- ACTIVITY: Return the following data exactly, with all pictures left out.

- Data extracted from a collection:
----

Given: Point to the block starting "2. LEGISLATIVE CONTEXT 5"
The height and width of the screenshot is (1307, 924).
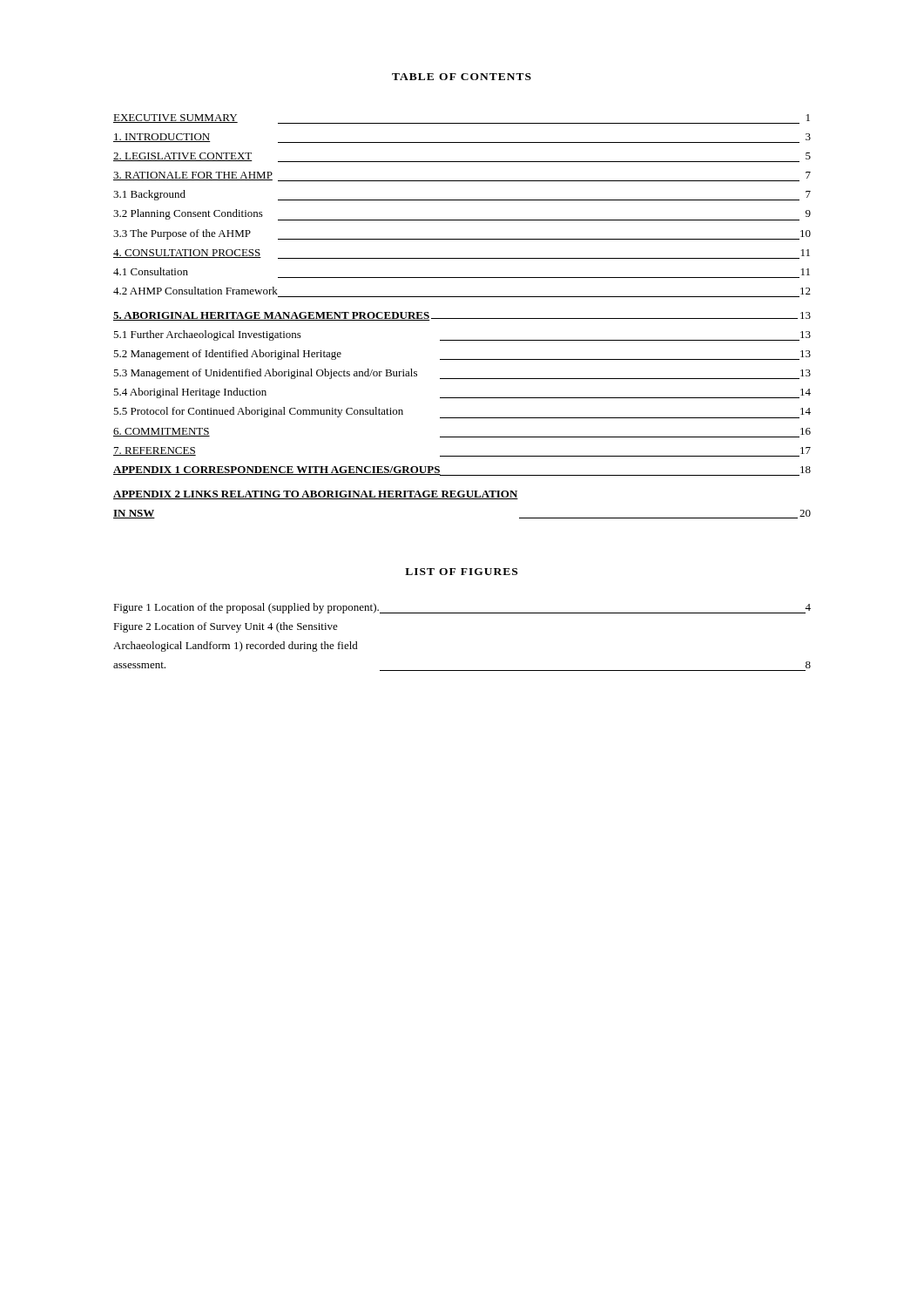Looking at the screenshot, I should pyautogui.click(x=462, y=156).
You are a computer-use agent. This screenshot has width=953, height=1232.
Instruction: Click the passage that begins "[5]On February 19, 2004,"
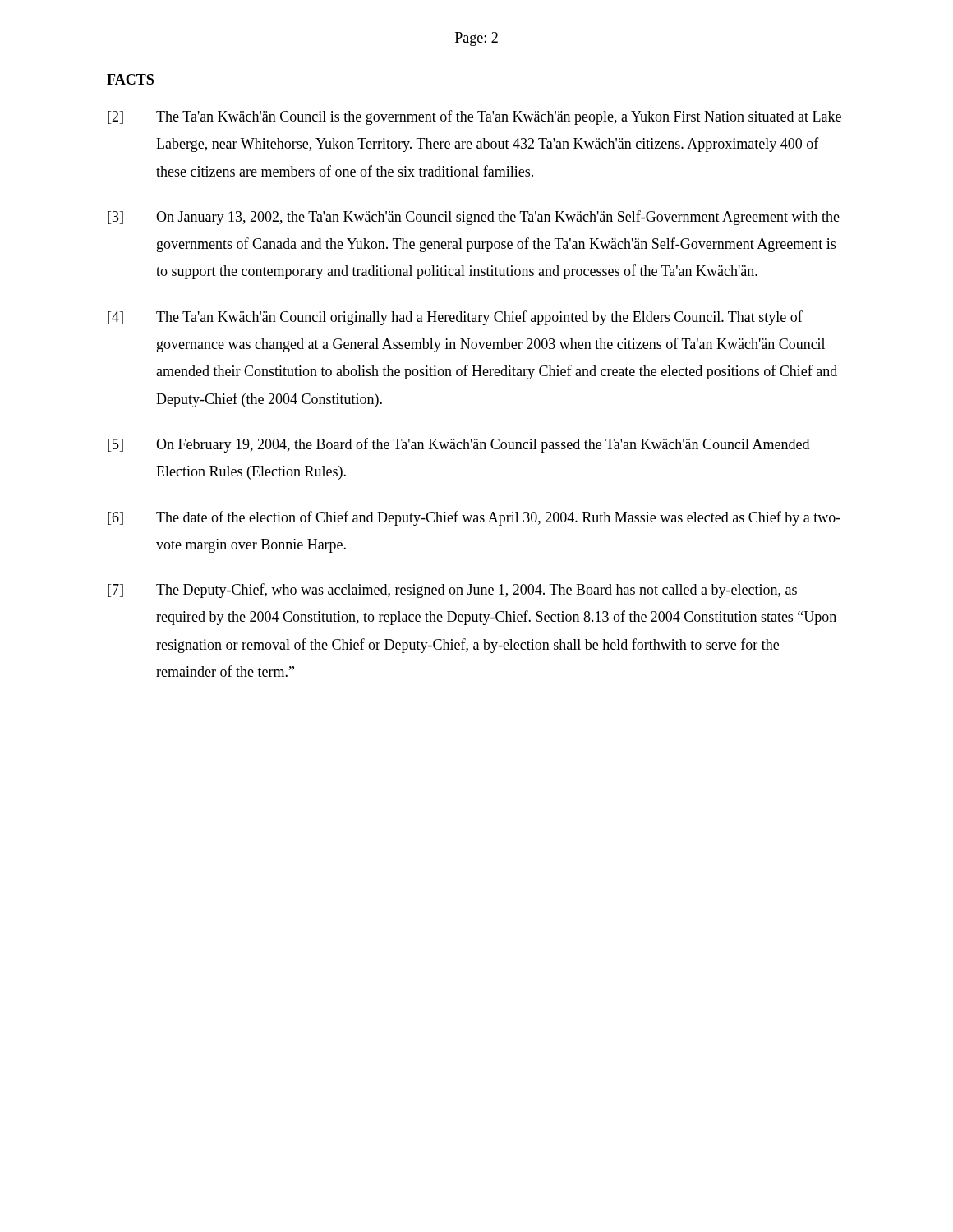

----

- EXERCISE SOLUTION:
Given: Point to the block starting "2. LEGISLATIVE CONTEXT 5"
The height and width of the screenshot is (1307, 924).
Looking at the screenshot, I should pyautogui.click(x=462, y=156).
You are a computer-use agent. This screenshot has width=953, height=1232.
Instruction: Click the passage that begins "[5]On February 19, 2004,"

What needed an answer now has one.